Add a new Throughput Predictor Configuration

If you want to use a throughput predictor witha provided wrapper with new command line options, you just need to add a new entry to the json dict in predictors/pred_registry.json in your AnICA config environment with a suitable unique key. You may take inspiration from the predictors/pred_registry_template.json template collection.

Add a new Throughput Predictor

To evaluate a new throughput predictor, you need to implement a new wrapper for it in the iwho.predictors package. Be sure to base your wrapper on one or more of the existing ones, and to add the new one to the available classes in lib/iwho/iwho/predictors/__init__.py. Lastly, you need to add a corresponding entry to the predictor registry in your configuration environment.

Add a new Feature Kind

If you want to expand AnICA to reason about new aspects of instruction schemes, you will need to add a new feature to the InsnFeatureManager. It is located in the anica.insnfeaturemanager module.

You need to expand the extract_feature function there with a case that extracts the desired information from any given InsnScheme.

A shortcut for this implementation is possible if you only want to extract the feature from the uops.info xml file. Then, you can just expand the extract_features function in lib/iwho/scripts/scheme_extractor_uops_info.py to add a value for the feature to the results dictionary (and regenerate the instruction schemes there with lib/iwho/build_schemes.sh). The default case in the InsnfeatureManager tries to look up any unknown feature there.

With the extract_feature case in place, you can add an entry for the feature in the insn_feature_manager.features list in your abstraction configuration, and optionally also to the _default_features in the anica.insnfeaturemanager module.

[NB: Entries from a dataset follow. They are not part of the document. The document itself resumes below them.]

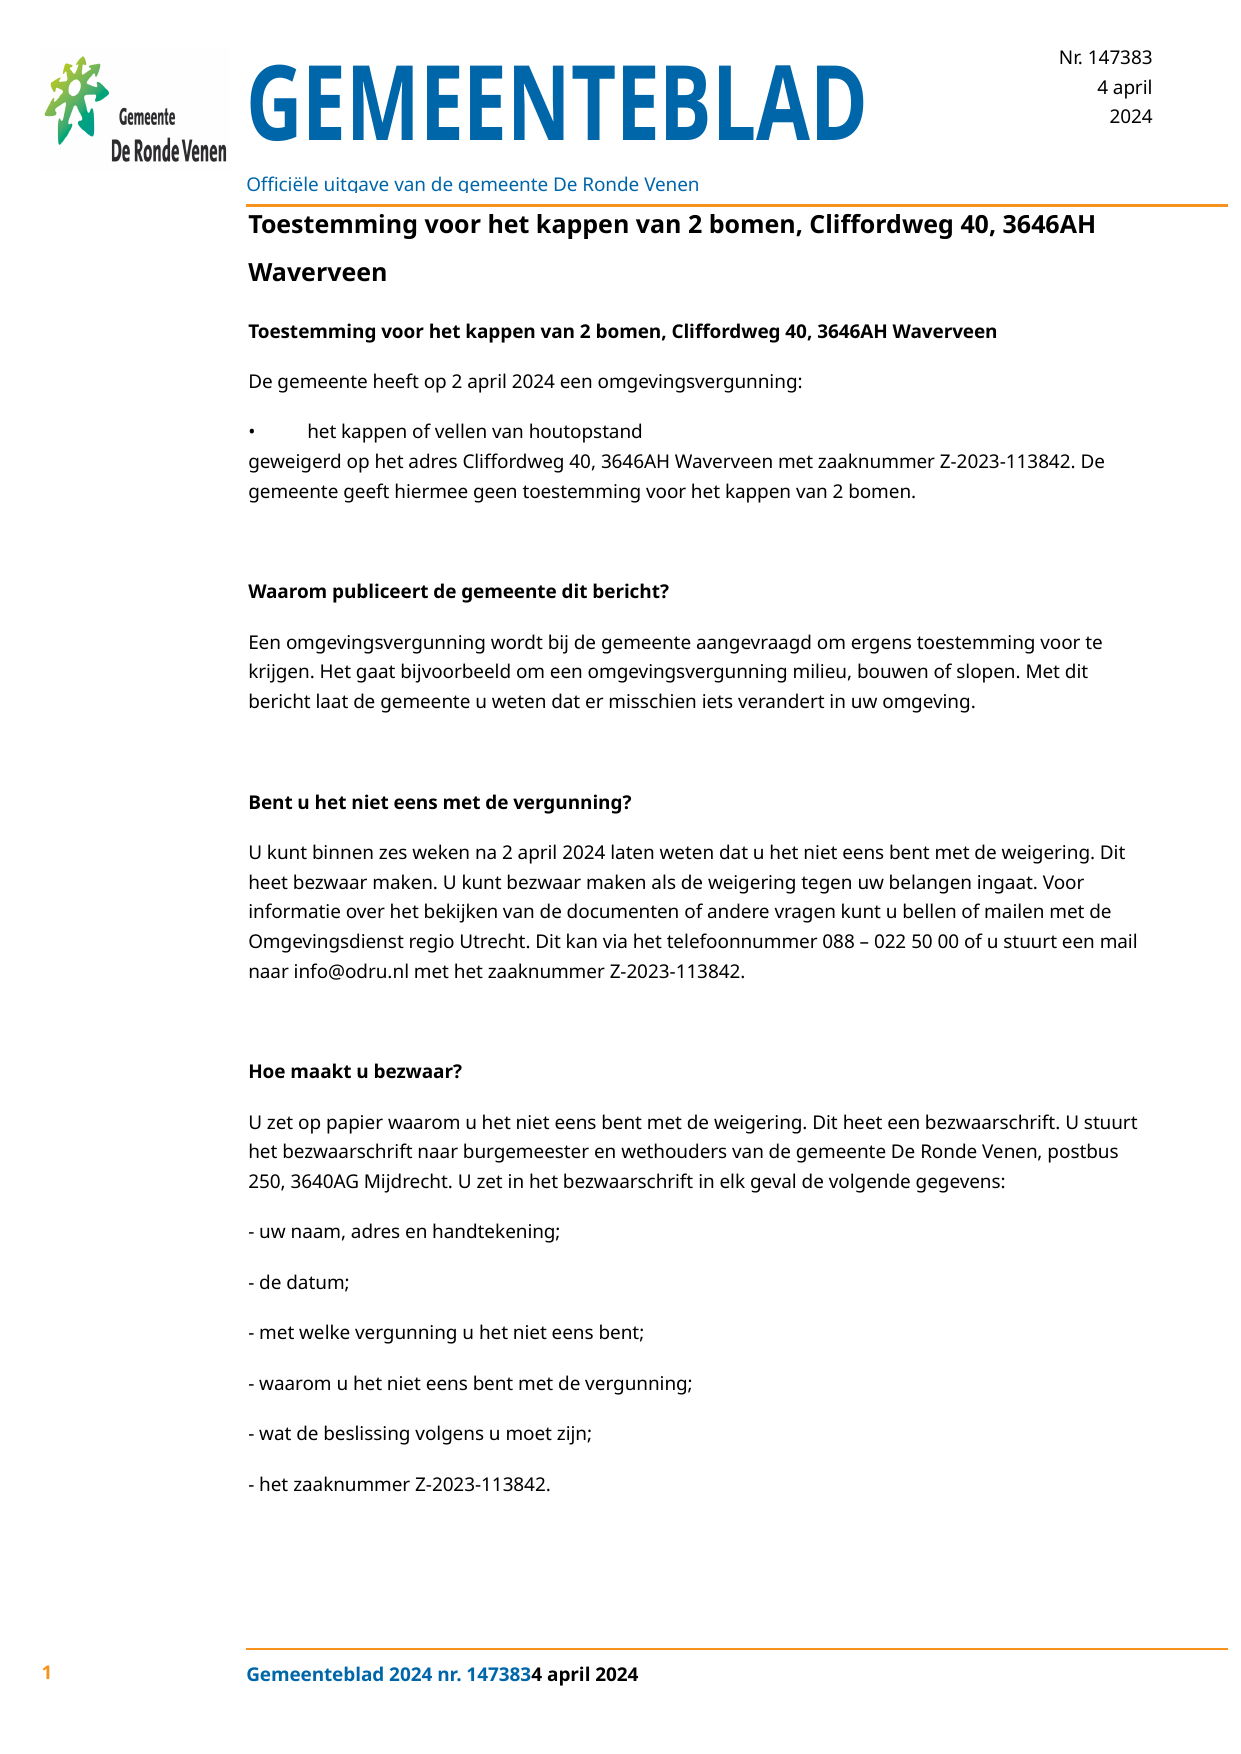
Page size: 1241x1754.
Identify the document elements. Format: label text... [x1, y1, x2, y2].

text Waarom publiceert de gemeente dit bericht? [248, 579, 1152, 604]
text - wat de beslissing volgens u moet zijn; [248, 1420, 1152, 1446]
text Bent u het niet eens met de vergunning? [248, 789, 1152, 815]
text - waarom u het niet eens bent met de vergunning; [248, 1370, 1152, 1396]
text De gemeente heeft op 2 april 2024 een omgevingsvergunning: [248, 368, 1152, 394]
text - met welke vergunning u het niet eens bent; [248, 1319, 1152, 1345]
text U kunt binnen zes weken na 2 april 2024 laten weten dat u het niet eens bent met de weigering. Dit heet bezwaar maken. U kunt bezwaar maken als de weigering tegen uw belangen ingaat. Voor informatie over het bekijken van de documenten of andere vragen kunt u bellen of mailen met de Omgevingsdienst regio Utrecht. Dit kan via het telefoonnummer 088 – 022 50 00 of u stuurt een mail naar info@odru.nl met het zaaknummer Z-2023-113842. [248, 839, 1152, 984]
text - de datum; [248, 1269, 1152, 1295]
text - het zaaknummer Z-2023-113842. [248, 1471, 1152, 1497]
text - uw naam, adres en handtekening; [248, 1219, 1152, 1244]
list het kappen of vellen van houtopstand [248, 419, 1152, 444]
text geweigerd op het adres Cliffordweg 40, 3646AH Waverveen met zaaknummer Z-2023-113842. De gemeente geeft hiermee geen toestemming voor het kappen van 2 bomen. [248, 448, 1152, 504]
text Een omgevingsvergunning wordt bij de gemeente aangevraagd om ergens toestemming voor te krijgen. Het gaat bijvoorbeeld om een omgevingsvergunning milieu, bouwen of slopen. Met dit bericht laat de gemeente u weten dat er misschien iets verandert in uw omgeving. [248, 629, 1152, 714]
text Hoe maakt u bezwaar? [248, 1059, 1152, 1084]
text Toestemming voor het kappen van 2 bomen, Cliffordweg 40, 3646AH Waverveen [248, 207, 1152, 288]
text Toestemming voor het kappen van 2 bomen, Cliffordweg 40, 3646AH Waverveen [248, 318, 1152, 344]
text U zet op papier waarom u het niet eens bent met de weigering. Dit heet een bezwaarschrift. U stuurt het bezwaarschrift naar burgemeester en wethouders van de gemeente De Ronde Venen, postbus 250, 3640AG Mijdrecht. U zet in het bezwaarschrift in elk geval de volgende gegevens: [248, 1109, 1152, 1194]
picture [41, 47, 231, 172]

Add a new Feature Abstraction

If you want to expand AnICA with a new way of representing subsets of instruction schemes, you need to implement a new abstract feature.

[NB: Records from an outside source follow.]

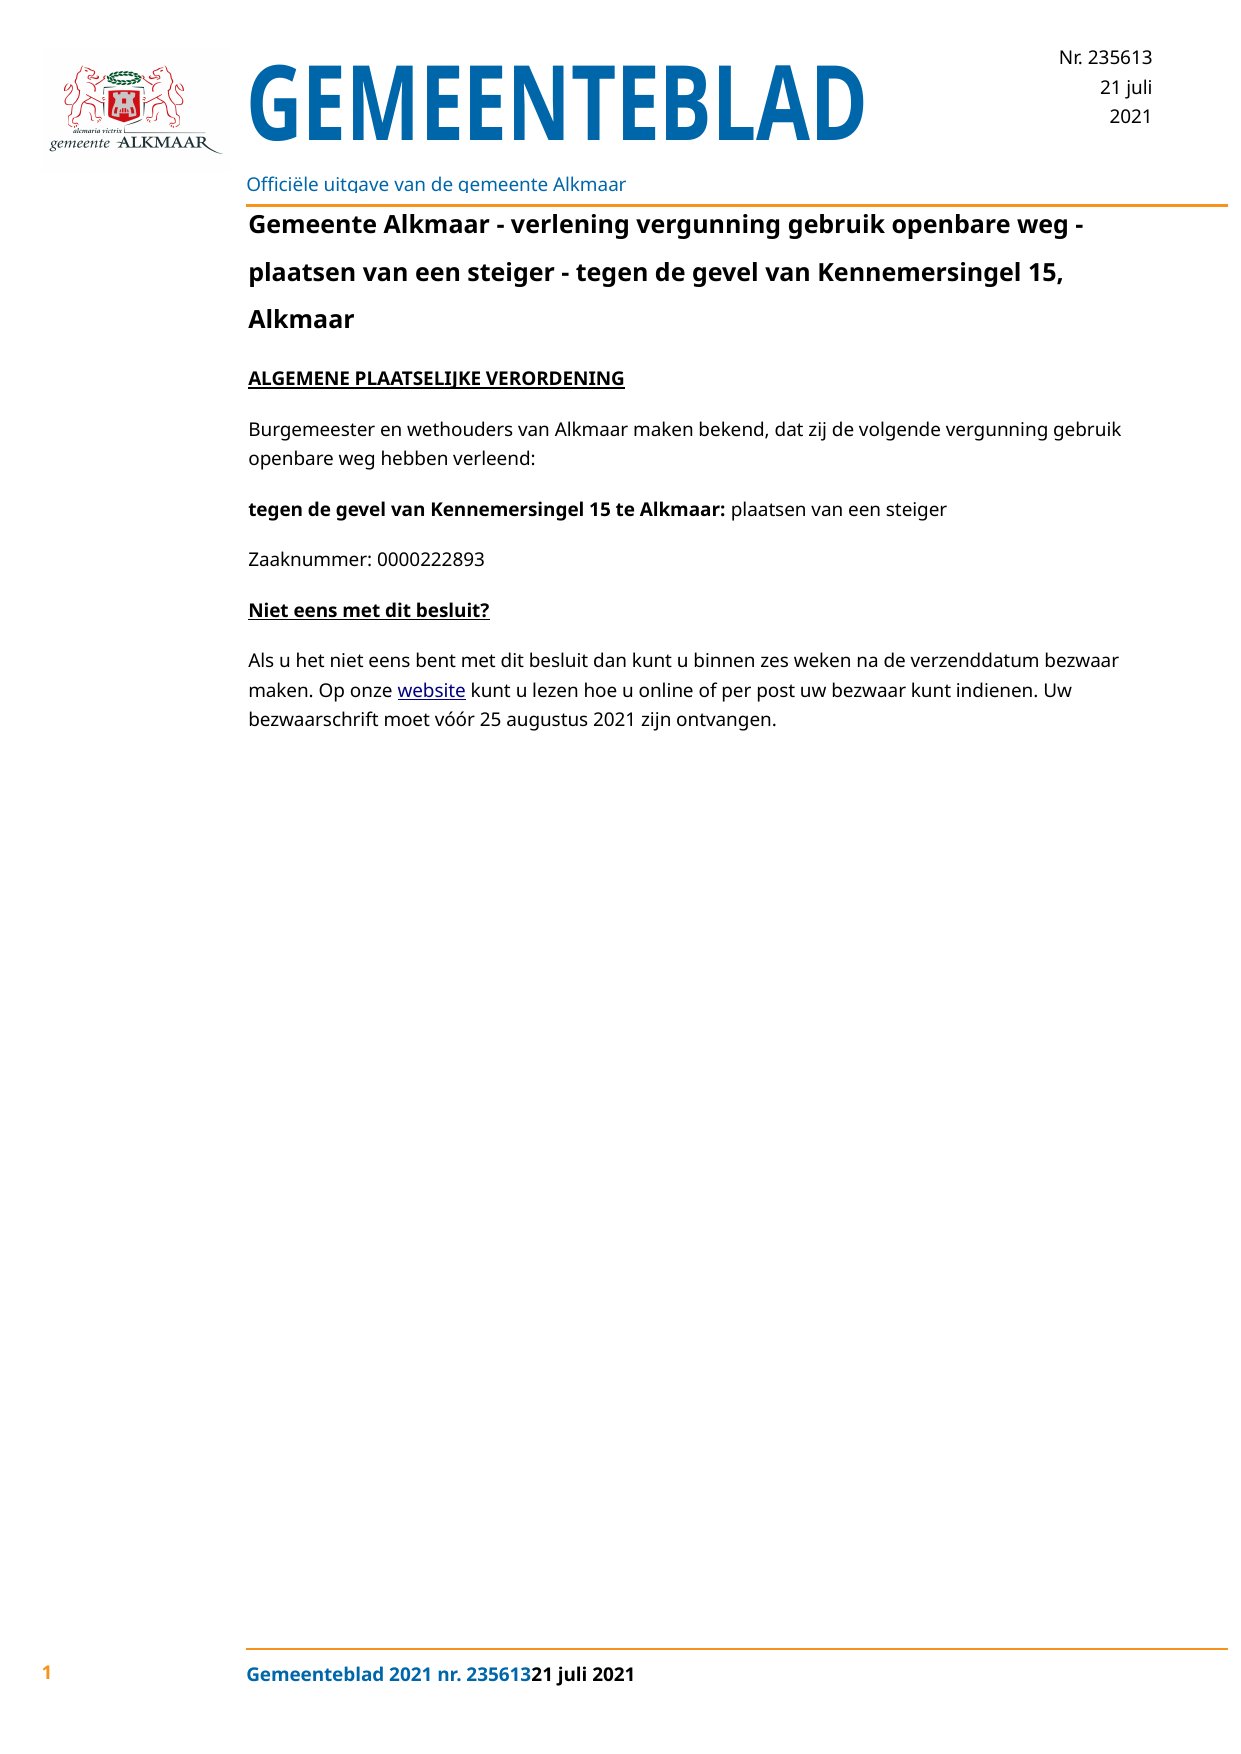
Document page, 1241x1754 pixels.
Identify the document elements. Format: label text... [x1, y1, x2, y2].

text Zaaknummer: 0000222893 [248, 546, 1152, 572]
text ALGEMENE PLAATSELIJKE VERORDENING [248, 366, 1152, 391]
text Gemeente Alkmaar - verlening vergunning gebruik openbare weg - plaatsen van een steiger - tegen de gevel van Kennemersingel 15, Alkmaar [248, 207, 1152, 336]
text Niet eens met dit besluit? [248, 597, 1152, 622]
text Als u het niet eens bent met dit besluit dan kunt u binnen zes weken na de verzenddatum bezwaar maken. Op onze website kunt u lezen hoe u online of per post uw bezwaar kunt indienen. Uw bezwaarschrift moet vóór 25 augustus 2021 zijn ontvangen. [248, 647, 1152, 732]
text tegen de gevel van Kennemersingel 15 te Alkmaar: plaatsen van een steiger [248, 496, 1152, 522]
picture [41, 47, 231, 172]
text Burgemeester en wethouders van Alkmaar maken bekend, dat zij de volgende vergunning gebruik openbare weg hebben verleend: [248, 416, 1152, 471]

Start by implementing a new subclass of AbstractFeature in anica.abstractblock (and feel free to take inspiration from the existing ones). Additionally, you need to extend the lookup() and init_abstract_features() methods in the InsnFeatureManager (in the anica.insnfeaturemanager module). The latter determines the interaction with insn_feature_manager.features entries in your abstraction config and needs to initialize an object of your AbstractFeature implementation. The former queries for a set of InsnSchemes that match an instance of your AbstractFeature. For decent performance, your lookup implementation should use an index whose construction you can implement in the _build_index() method. Take inspiration from the documentation there and the existing abstract features.

Directory Overview

  • ./anica - This directory contains the python modules that constitute the AnICA library. The most notable modules are anica.discovery, which contains the core algorithms, and anica.abstractblock containing the implementation of the basic block abstraction.

  • ./tool - This directory provides the entry-point python scripts to use AnICA.

  • ./scripts - Here are several more entry-point scripts for specific tasks in the development and evaluation of AnICA.

  • ./configs - Here are (default) files to configure the behavior of AnICA. It is recommended to not change them here, but to use an individual configuration environment created with the anica-make-configs command.

  • ./lib - This directory contains custom dependencies for AnICA. Specifically, this is the iwho library, which is used to work with instructions, instruction schemes, and basic blocks.

  • ./tests - This directory contains the testing for the AnICA module. Running the scripts in there should not yield unexpected failures.

  • ./case_studies - This directory contains some assembly files that trigger inconsistencies that AnICA found.

  • ./setup_venv.sh - This script sets up a python virtual environment at ./env/anica/ and installs AnICA's dependencies in it. Make sure to activate the environment with source ./env/anica/bin/activate when using any AnICA-related scripts. Using a virtual environment is not strictly necessary, but strongly recommended.

  • ./requirements.txt - This file lists required python modules for using AnICA. It can be installed using pip3 -r requirements.txt (which the setup_venv.sh script does, in a virtual environment).